*Source records:*
◇ ◇ ◇ ◇
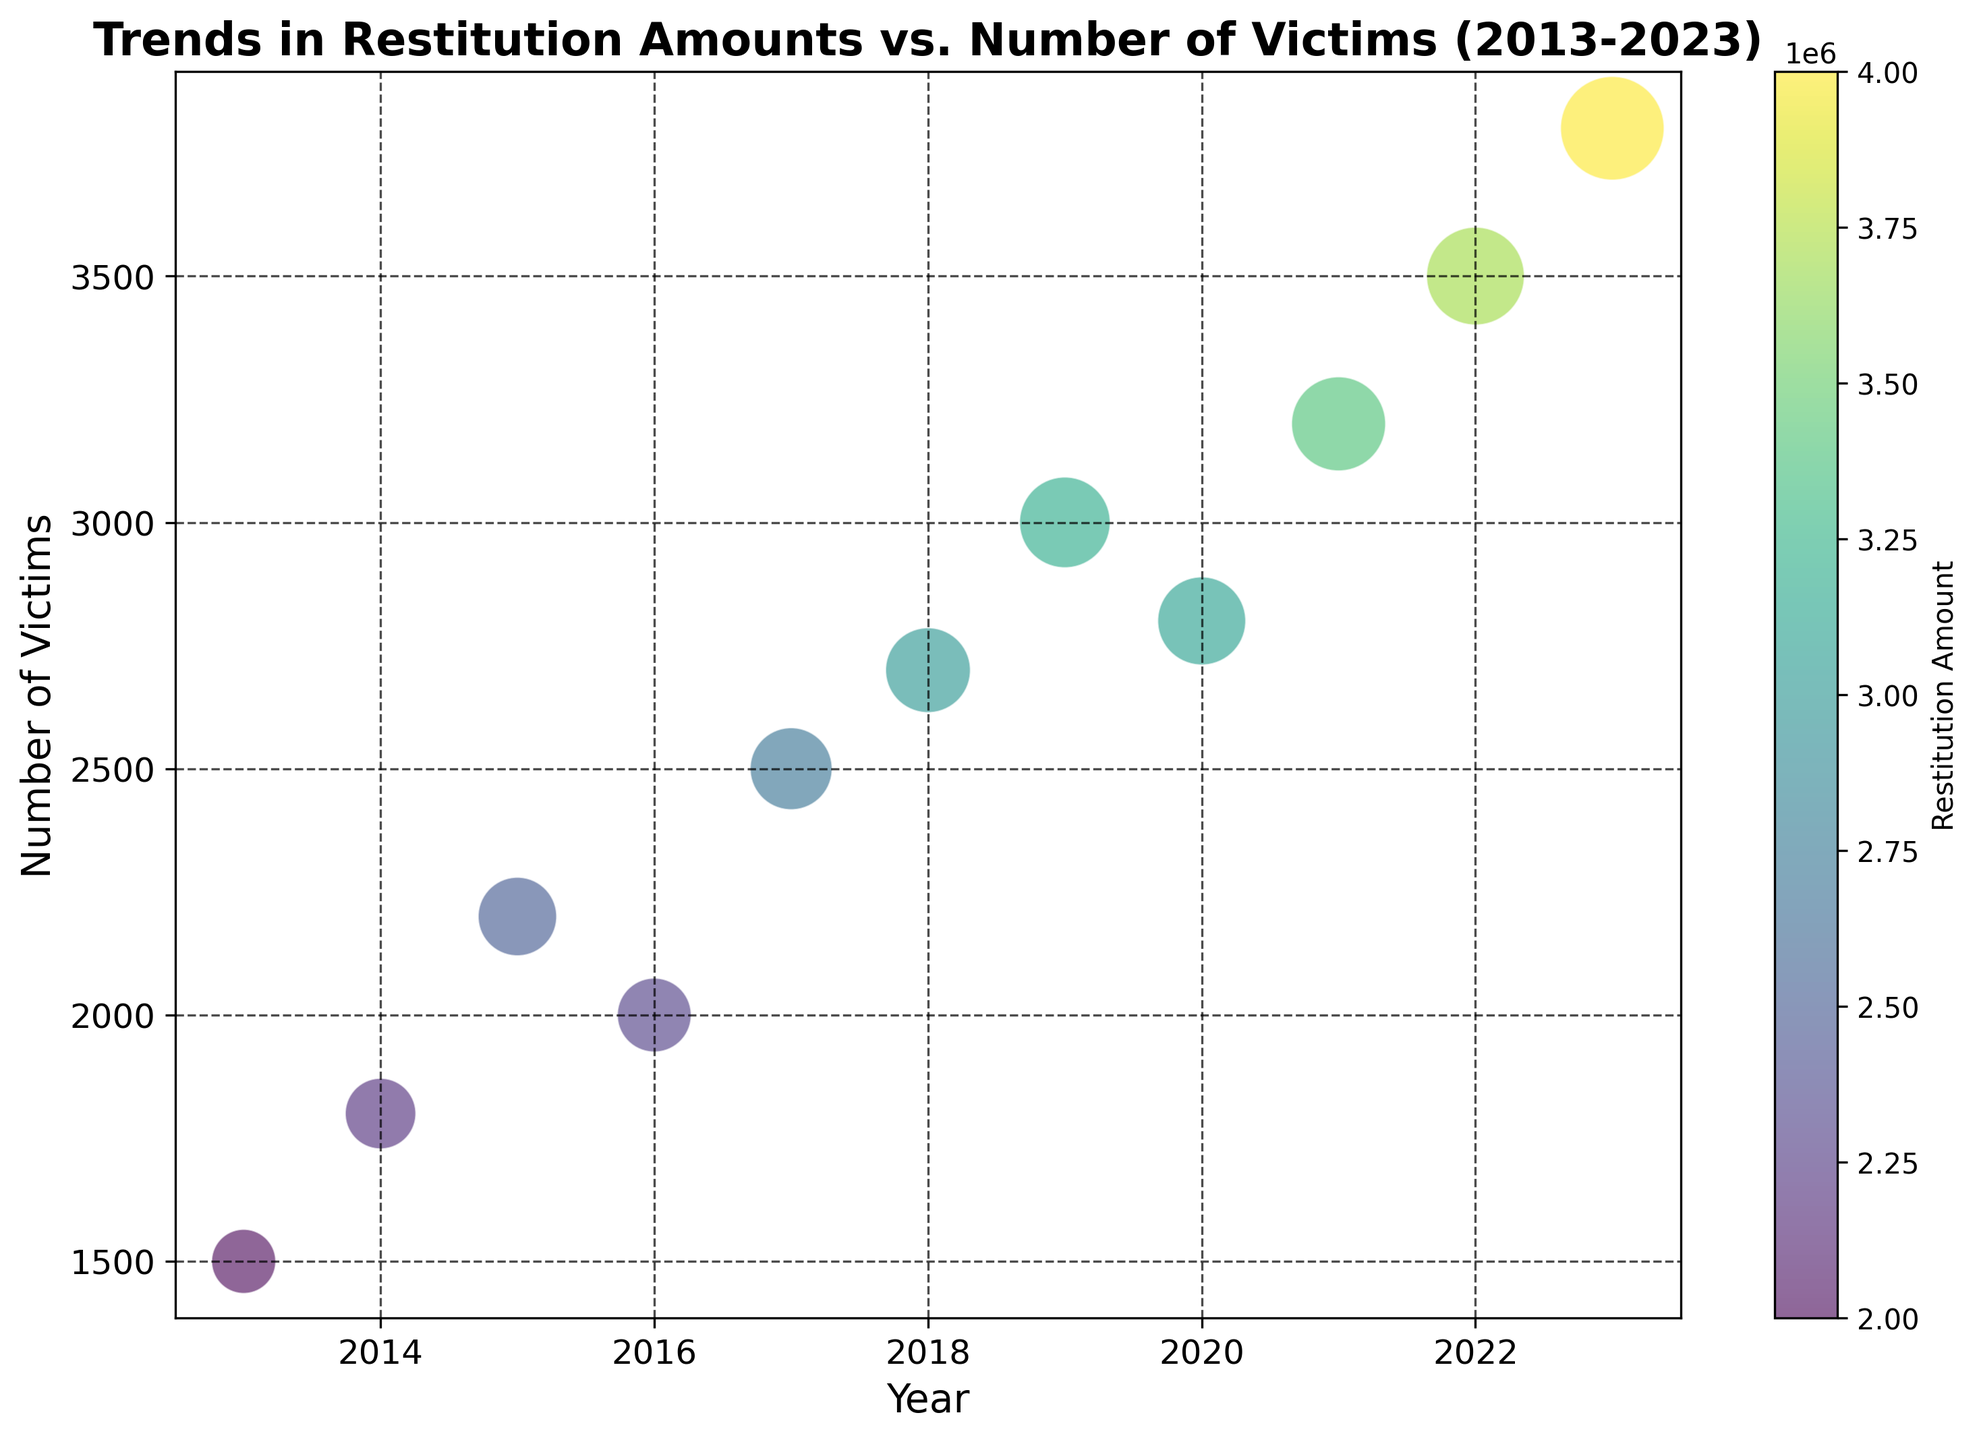Which year had the highest number of victims? The highest point on the y-axis represents the year with the most victims. By examining the figure, the year with the highest number of victims is 2023.
Answer: 2023 Which year had the lowest restitution amount? The color of the bubbles indicates the restitution amount, with darker colors representing higher amounts. The lightest colored bubble indicates the year with the lowest restitution, which is 2013.
Answer: 2013 What is the total number of victims from 2013 to 2023? Sum the y-values from each year: 1500 + 1800 + 2200 + 2000 + 2500 + 2700 + 3000 + 2800 + 3200 + 3500 + 3800 = 29000.
Answer: 29000 Which year had the largest bubble size, representing the highest impact factor? Bubbles with larger diameters indicate higher impact factors. The largest bubble can be visually identified as corresponding to 2023.
Answer: 2023 How does the restitution amount change from 2016 to 2017? Compare the color shades of the bubbles for 2016 and 2017. The bubble of 2017 is darker than that of 2016, indicating an increase in the restitution amount.
Answer: Increased Which year had more victims, 2015 or 2018? Compare the y-values of the bubbles for 2015 and 2018. The bubble for 2018 is higher on the y-axis than the one for 2015, indicating more victims in 2018.
Answer: 2018 Is the impact factor in 2020 higher or lower than in 2019? Observe the bubble sizes for 2019 and 2020. The bubble of 2019 is slightly larger than that of 2020, indicating a higher impact factor in 2019.
Answer: Lower Which year had an approximately average number of victims based on the entire period? With 11 data points, the median year will have the 6th highest number of victims. Visually identify the y-axis height—2018 with 2700 victims is close to the median.
Answer: 2018 How much did the restitution amount increase from 2019 to 2023? Calculate the difference between the restitution amounts for 2019 and 2023: 4000000 - 3200000 = 800000.
Answer: 800000 Which year had a similar number of victims but a higher restitution amount than 2020? Compare the y-values and colors of the bubbles. The year 2019 has a similar y-value but a darker color (indicating a higher restitution amount) than 2020.
Answer: 2019 
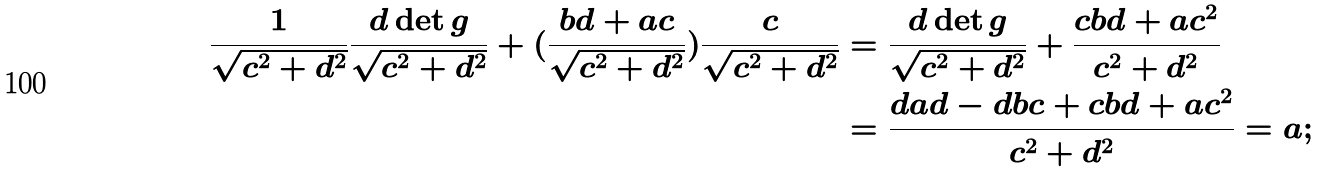Convert formula to latex. <formula><loc_0><loc_0><loc_500><loc_500>\frac { 1 } { \sqrt { c ^ { 2 } + d ^ { 2 } } } \frac { d \det g } { \sqrt { c ^ { 2 } + d ^ { 2 } } } + ( \frac { b d + a c } { \sqrt { c ^ { 2 } + d ^ { 2 } } } ) \frac { c } { \sqrt { c ^ { 2 } + d ^ { 2 } } } & = \frac { d \det g } { \sqrt { c ^ { 2 } + d ^ { 2 } } } + \frac { c b d + a c ^ { 2 } } { c ^ { 2 } + d ^ { 2 } } \\ & = \frac { d a d - d b c + c b d + a c ^ { 2 } } { c ^ { 2 } + d ^ { 2 } } = a ;</formula> 
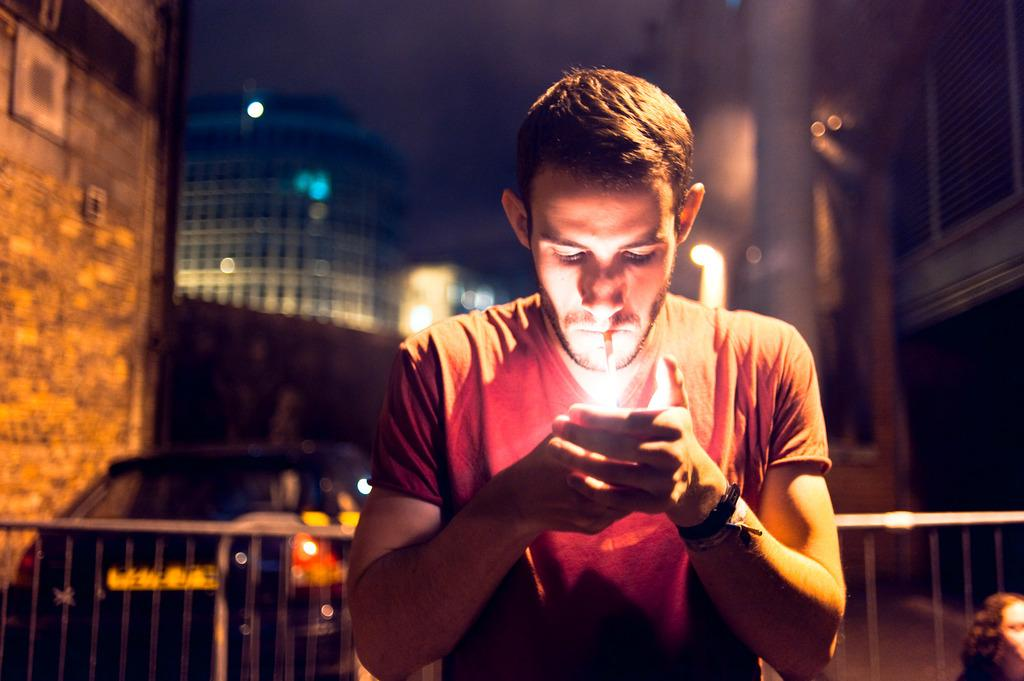What is the person in the image wearing? The person is wearing a red T-shirt. What is the person doing in the image? The person is lighting a cigarette. What can be seen in the background of the image? There is a fencing, a car, and buildings on either side of the person. What type of drug is the person taking in the image? There is no drug present in the image; the person is lighting a cigarette. What is the person laughing at in the image? There is no indication of the person laughing in the image. 
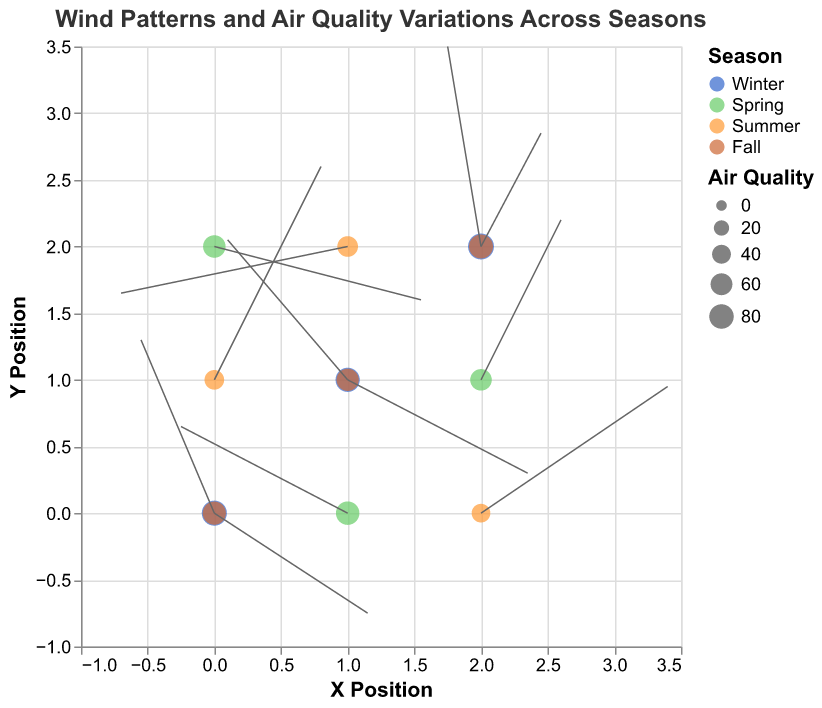what are the x and y-axis titles? The x-axis title is "X Position," and the y-axis title is "Y Position" as indicated in the axis labels of the plot.
Answer: X Position, Y Position How many seasons are represented in the plot? There are four seasons represented in the plot, identified by different colors: Winter (blue), Spring (green), Summer (orange), and Fall (brown).
Answer: 4 Which season has the highest air quality value and what is it? Winter has the highest air quality value of 92, represented by the size of the point at coordinates (2,2) in winter.
Answer: Winter, 92 During which season is the air quality value at (0,1) position? The air quality value at position (0,1) is during Summer, identified by the yellow-orange shade of the point at this position.
Answer: Summer Compare the wind patterns at (1,1) during winter and fall. Which direction and intensity are different? In winter at (1,1), the wind direction is approximately southwest with intensity vectors u=-1.8, v=2.1. In fall at the same location, the direction is southeast with vectors u=2.7, v=-1.4.
Answer: Direction: winter-southwest, fall-southeast; Intensity: winter(-1.8,2.1), fall(2.7,-1.4) Identify which season and location have both negative values for u and v. During summer, at coordinates (1,2), both u and v values are negative with u=-3.4, v=-0.7.
Answer: Summer, (1,2) How does air quality vary with seasons based on the size of points? Air quality generally varies with larger sizes in Winter and Fall indicating higher values, while smaller sizes in Summer and Spring indicate lower air quality values.
Answer: Larger in Winter and Fall, smaller in Summer and Spring Calculate the average air quality during summer at points represented in the plot. Summer air quality values are 45 at (0,1), 52 at (1,2), and 39 at (2,0). The average is (45+52+39)/3 = 45.33.
Answer: 45.33 What direction is the wind blowing at (0,0) during Fall? The wind is blowing north-east at coordinates (0,0) during Fall with vectors u=-1.1, v=2.6.
Answer: North-East
◇ ◇ ◇ ◇
*Task:* Print, without alteration, only the lines above between the one holding "Answer: Winter, 92" and the one holding "Answer: Direction: winter-southwest, fall-southeast;", inclusive.

*Solved problem:*
Answer: Winter, 92 During which season is the air quality value at (0,1) position? The air quality value at position (0,1) is during Summer, identified by the yellow-orange shade of the point at this position.
Answer: Summer Compare the wind patterns at (1,1) during winter and fall. Which direction and intensity are different? In winter at (1,1), the wind direction is approximately southwest with intensity vectors u=-1.8, v=2.1. In fall at the same location, the direction is southeast with vectors u=2.7, v=-1.4.
Answer: Direction: winter-southwest, fall-southeast; Intensity: winter(-1.8,2.1), fall(2.7,-1.4) Identify which season and location have both negative values for u and v. During summer, at coordinates (1,2), both u and v values are negative with u=-3.4, v=-0.7.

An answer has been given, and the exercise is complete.